◆ What you have to do ◆
As you print the data below, keep every line exactly as it is and leave the images behind.

◆ Exercise data ◆
-----
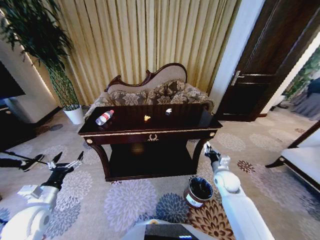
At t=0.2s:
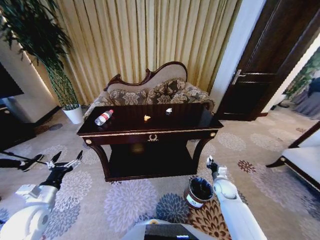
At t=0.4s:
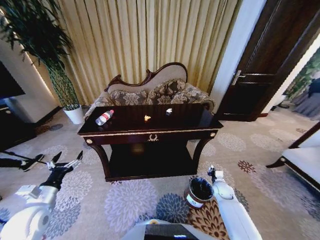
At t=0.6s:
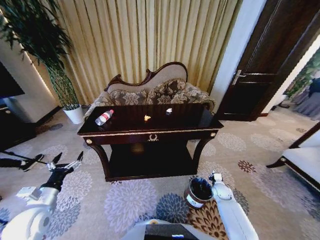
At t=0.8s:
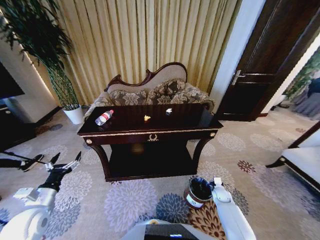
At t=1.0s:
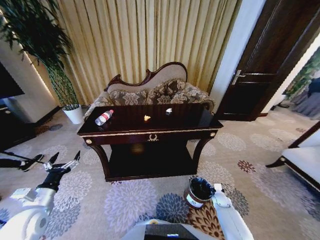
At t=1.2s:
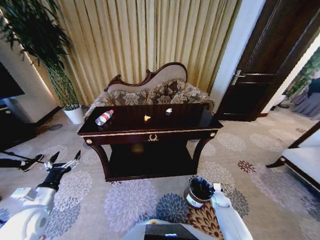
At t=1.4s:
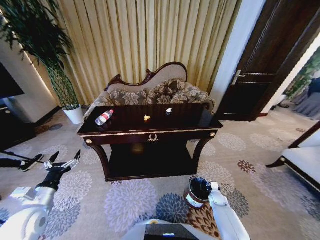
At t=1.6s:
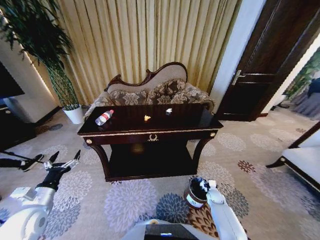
-----
◆ Exercise response ◆
At t=0.2s:
At t=0.4s:
At t=0.6s:
At t=0.8s:
At t=1.0s:
At t=1.2s:
At t=1.4s:
At t=1.6s:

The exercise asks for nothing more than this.